Saturday 20th February 2月20日星期六

19:00 Wombat was half pissed upon arrival at the Royal Natal Yacht Club. Not only was she embarrassingly loud and shrill but her breath reeked of whisky and she yelled 'All aboard!' at the maitre d' as we stepped into the dining room. Fair enough, the yacht club lies on the
19:00 袋熊抵达皇家纳塔尔游艇俱乐部时半生气。她不仅令人尴尬地大声和刺耳,而且她的呼吸中弥漫着威士忌的味道,当我们走进餐厅时,她对着领班大喊“全部上船!公平地说,游艇俱乐部位于

banks of the harbour, but to spend the entire evening thinking you're on a ship sailing for Southampton with the Duke of Edinburgh hosting a party on the deck below is just plain daft. When the distinguished Indian waiter with grey hair came to take our food orders, Wombat blasted him for being a slacker and ordered the man to roll up his sleeves and pump the bilges. The waiter stared at Wombat for some time before clearing his throat and recommending the prawn curry.
Wombat pointed at me and announced, 'David will have the kingklip, as will Roy his father.' She pointed at Mom and said, 'My sister will have cottage pie, and I'll have the hake and pilchards.' The waiter obviously figured out that he was dealing with a jabbering nutcase as he had by now ceased writing on his pad. Meanwhile, Mom seemed genuinely appalled at being referred to as Wombat's sister and was furiously applying make-up to her face while scowling into a small hand mirror which she held below the level of the table. Thankfully, Dad called the waiter aside, ordered a double round, and requested a few more minutes to study the menu.
Wombat excused herself after dinner and said that she needed the loo. Mom offered to accompany her but Wombat snapped back that she wasn't an invalid, snatched up her handbag and strode off angrily.

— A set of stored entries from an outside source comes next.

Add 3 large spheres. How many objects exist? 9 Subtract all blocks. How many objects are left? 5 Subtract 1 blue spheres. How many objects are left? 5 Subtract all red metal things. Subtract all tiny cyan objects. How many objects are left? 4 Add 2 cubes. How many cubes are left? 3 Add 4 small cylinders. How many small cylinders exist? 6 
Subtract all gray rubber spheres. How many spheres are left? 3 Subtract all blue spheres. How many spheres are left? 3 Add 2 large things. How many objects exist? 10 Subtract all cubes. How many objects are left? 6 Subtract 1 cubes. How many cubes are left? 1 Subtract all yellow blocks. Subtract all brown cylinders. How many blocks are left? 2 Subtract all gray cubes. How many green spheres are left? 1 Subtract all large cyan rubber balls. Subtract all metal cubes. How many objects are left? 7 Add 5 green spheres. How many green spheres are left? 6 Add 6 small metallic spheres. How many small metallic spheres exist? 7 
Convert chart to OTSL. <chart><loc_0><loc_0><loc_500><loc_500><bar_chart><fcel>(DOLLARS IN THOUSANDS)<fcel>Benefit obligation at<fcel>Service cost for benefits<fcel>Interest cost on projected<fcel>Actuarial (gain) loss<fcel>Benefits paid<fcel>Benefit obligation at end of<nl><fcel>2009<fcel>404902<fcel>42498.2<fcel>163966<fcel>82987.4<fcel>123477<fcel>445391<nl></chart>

'What a lady!' quipped Dad, before belching loudly and stacking a few empty beer cans in a pyramid formation. Mom berated Dad for his poor manners and blamed his hanging around the pub with seedy characters for his lapse in standards. My father appeared unconcerned by Mom's lecture, kicked me under the table, and whispered, 'Have you seen the jugs on the bride's mother?' I shook my head. 'Bigger than Parton,' said Dad with a naughty look in his eye.

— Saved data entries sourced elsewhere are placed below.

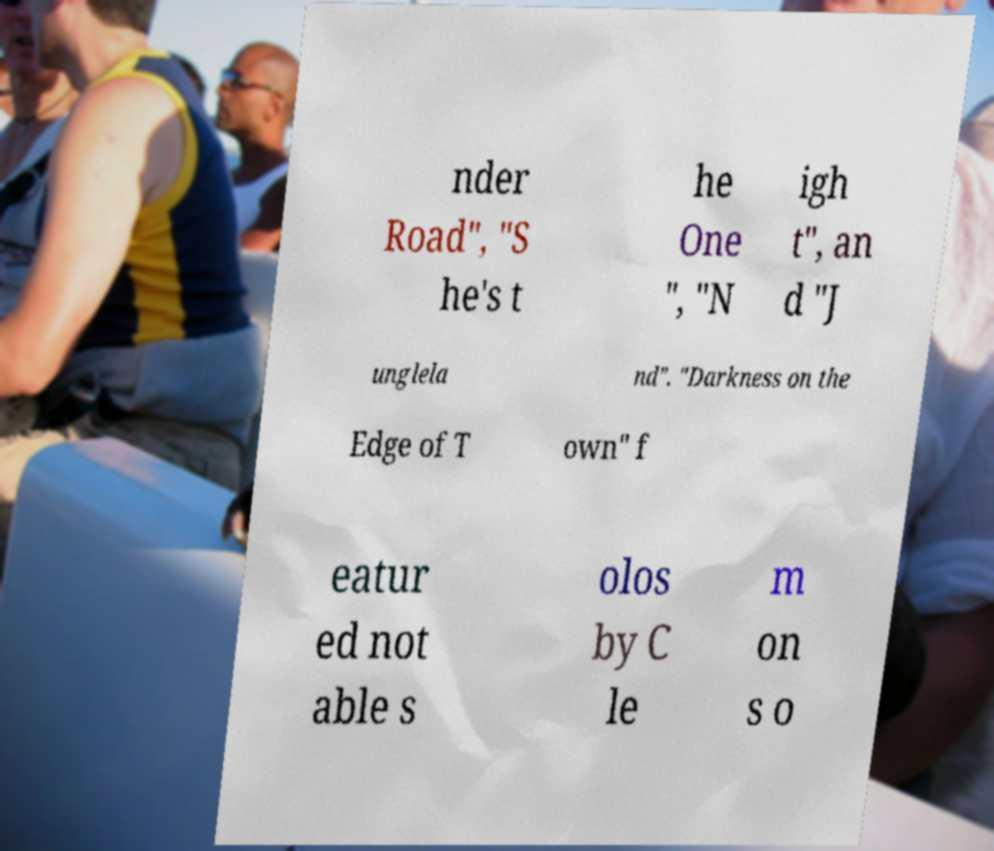What messages or text are displayed in this image? I need them in a readable, typed format. nder Road", "S he's t he One ", "N igh t", an d "J unglela nd". "Darkness on the Edge of T own" f eatur ed not able s olos by C le m on s o 
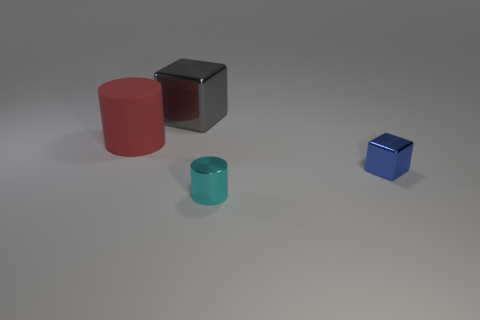Can you infer anything about the lighting conditions in the scene from the shadows and reflections? The lighting in the scene suggests a single diffuse light source coming from above and slightly to the right, as indicated by the soft, faint shadows cast on the left side of the objects. The lack of hard edges on the shadows means the light is not very intense or direct. The reflections on the metallic cube and the semi-transparent cylinder further suggest that the light is not overly bright, providing a balanced illumination that enhances the objects' colors and textures without creating harsh highlights. 
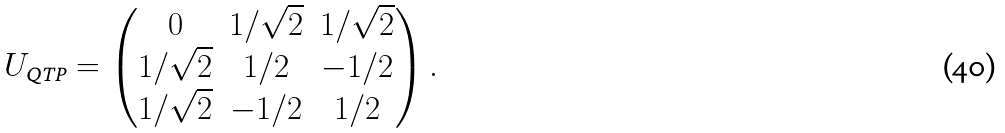Convert formula to latex. <formula><loc_0><loc_0><loc_500><loc_500>U _ { \text {QTP} } = \begin{pmatrix} 0 & 1 / \sqrt { 2 } & 1 / \sqrt { 2 } \\ 1 / \sqrt { 2 } & 1 / 2 & - 1 / 2 \\ 1 / \sqrt { 2 } & - 1 / 2 & 1 / 2 \end{pmatrix} .</formula>

'What's that?' questioned Mom in a menacing tone.
'I just said...I beg your pardon,' replied Dad, casually pouring another Castle into his tilted glass.

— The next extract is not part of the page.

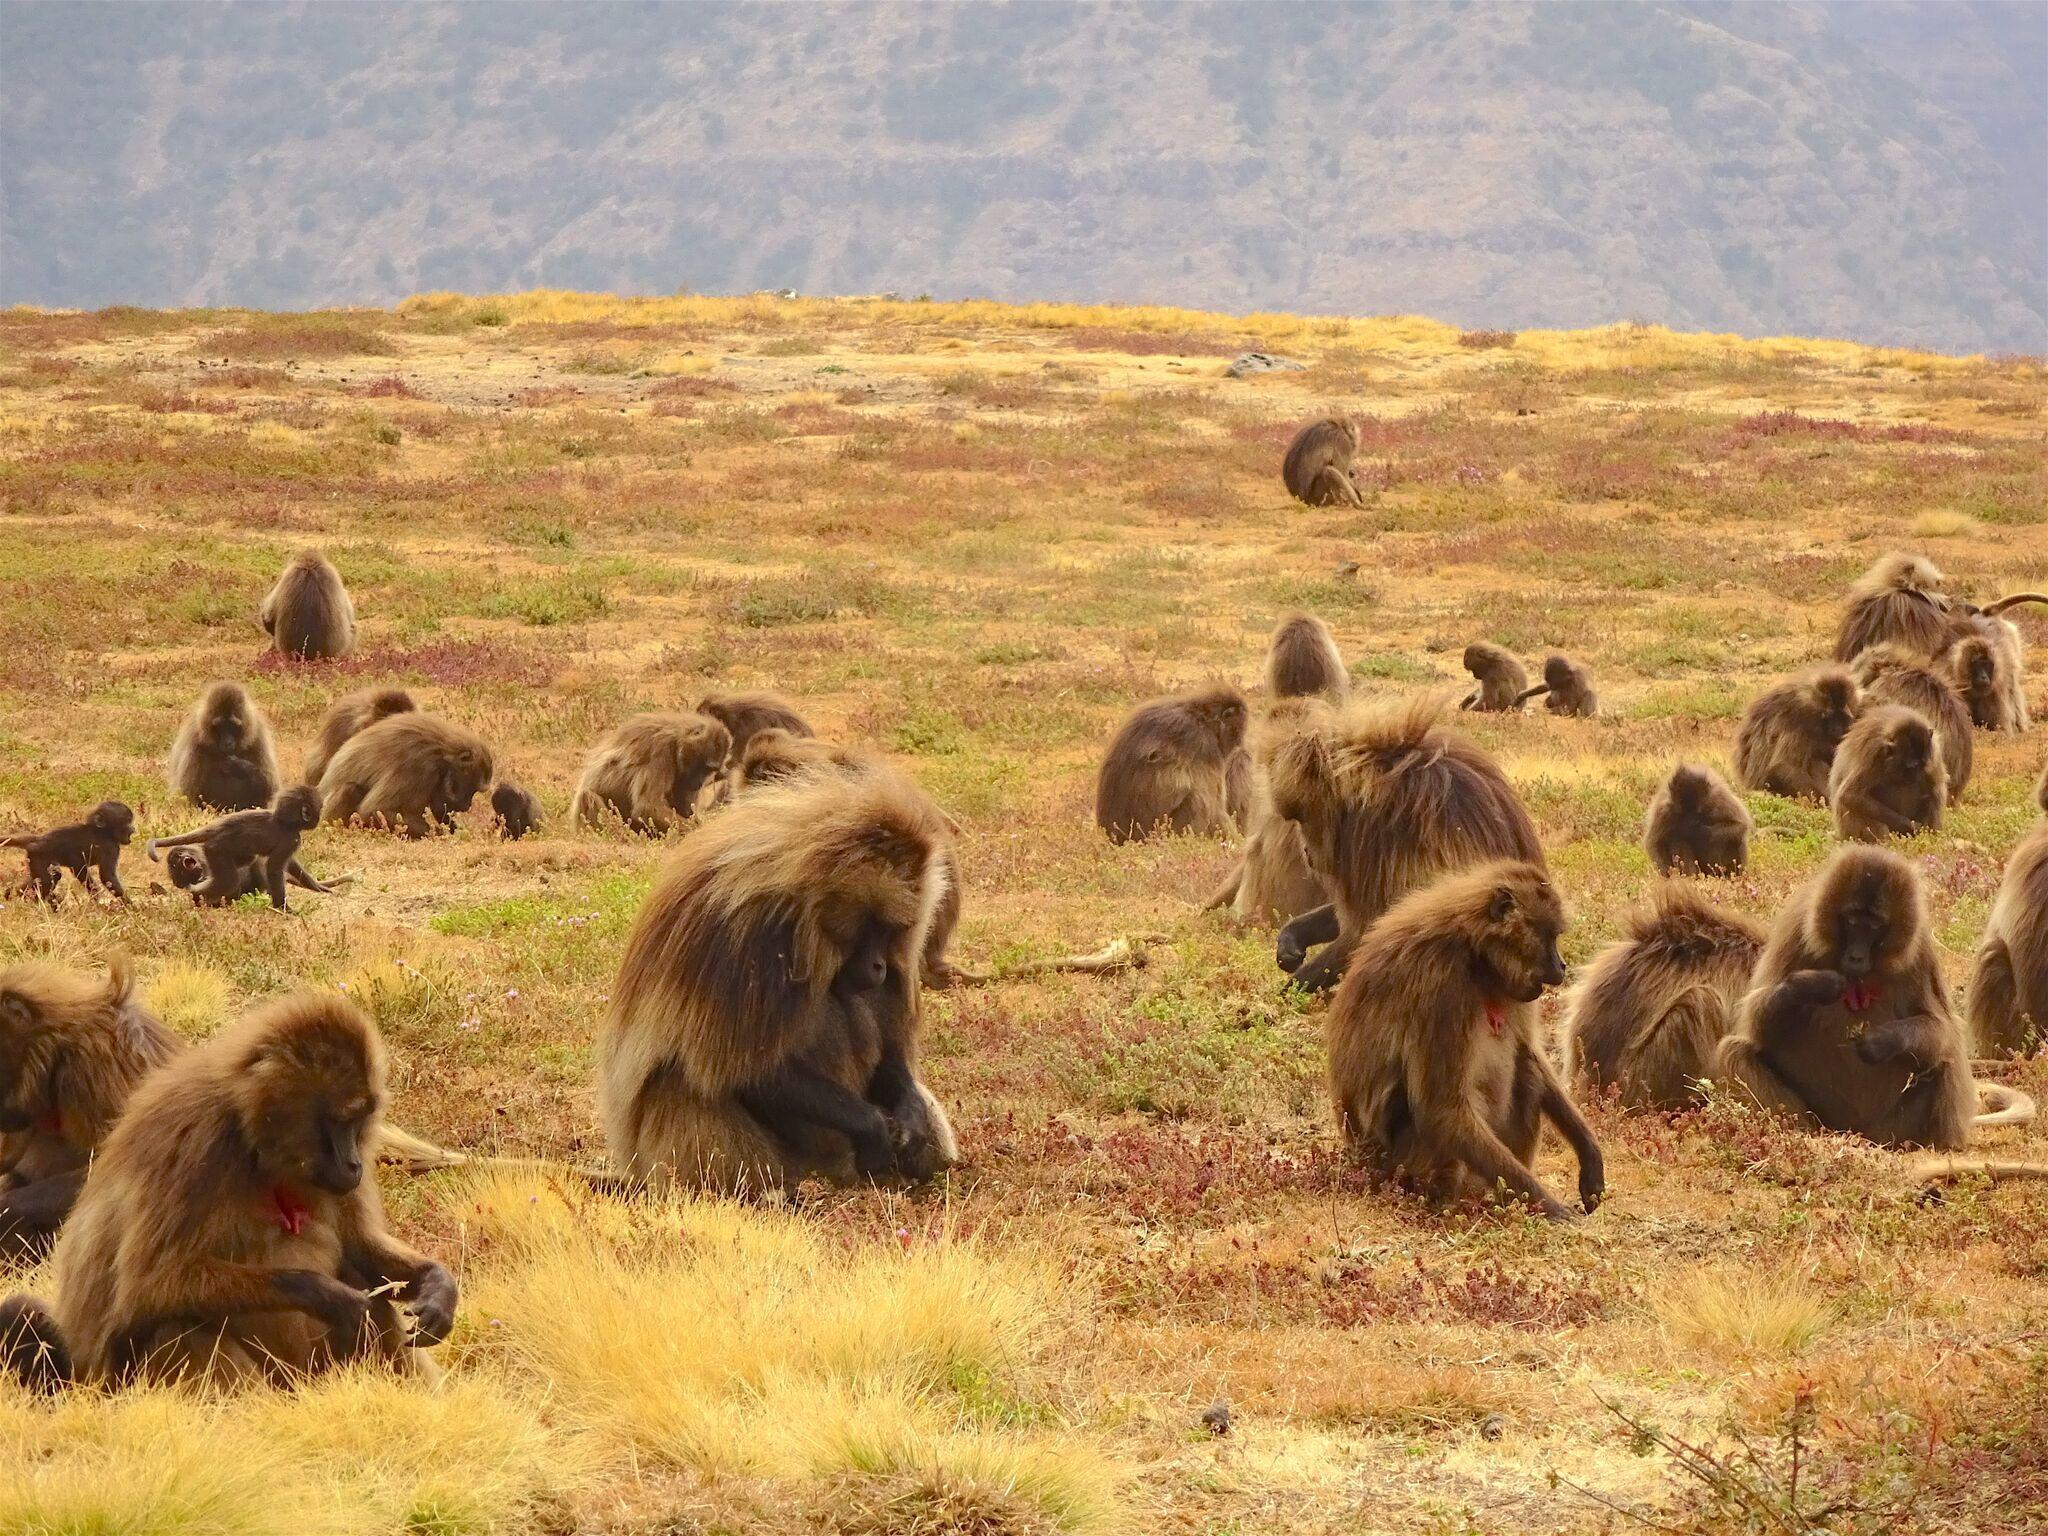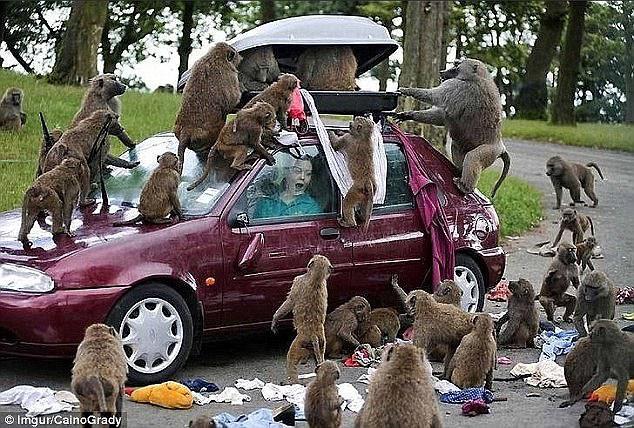The first image is the image on the left, the second image is the image on the right. Considering the images on both sides, is "Baboons are walking along a dirt path flanked by bushes and trees in one image." valid? Answer yes or no. No. The first image is the image on the left, the second image is the image on the right. Given the left and right images, does the statement "There are at most 3 baboons in the left image." hold true? Answer yes or no. No.

Suddenly a terrible wailing noise started up on the veranda. It would be best described as a combination of an old air raid siren, screeching tyres, and the beginnings of a serious cat fight. All the diners ceased eating and craned their necks to see who could be responsible for such a shrill and bloody massacre of God Save the Queen.
Our waiter and the concerned maître d' ushered Wombat back to her seat after she had completed her hideous rendition of the British national anthem. Thankfully, nobody ordered dessert or coffee so once Mom had forged Wombat's signature on the bill we bundled my grandmother into the car before she could cause further trouble and set off for Wombat's flat via Umbilo to avoid possible roadblocks.

Sunday 21st February 2月21日星期日

17:30 I was shivering, could hardly breathe, and my tongue felt as thick as a cricket bat. I couldn't back out now, what with Mom out walking, Dad spraying his roses, and Blacky fast asleep in his basket - there would never again be such a perfect time to make the call.
17:30 我浑身发抖,几乎无法呼吸,舌头感觉像板球棒一样粗。我现在不能退缩了,妈妈出去散步,爸爸喷洒他的玫瑰花,布莱克在他的篮子里睡着了——再也不会有这么完美的时间打电话了。
'Hello, Sarah speaking.'
An explosion went off in my head and I heard myself saying, 'Hi, is that Sarah?' In hindsight this was a hugely embarrassing start since she had already identified herself.
'Um ... I think I just said I was Sarah,' she said, sounding a little peeved.
'Hi Sarah, sorry, it's John Milton here.'
There was a pause on the other end until I remembered that I hadn't revealed my surname on the night of the social.
'It's John. You know the guy at the social...' I prompted, feeling the blood rush to my face. I was in the process of making a colossal fool out of myself.
'What social?' Her question shocked me to the core. I began doubting everything, even my own sanity.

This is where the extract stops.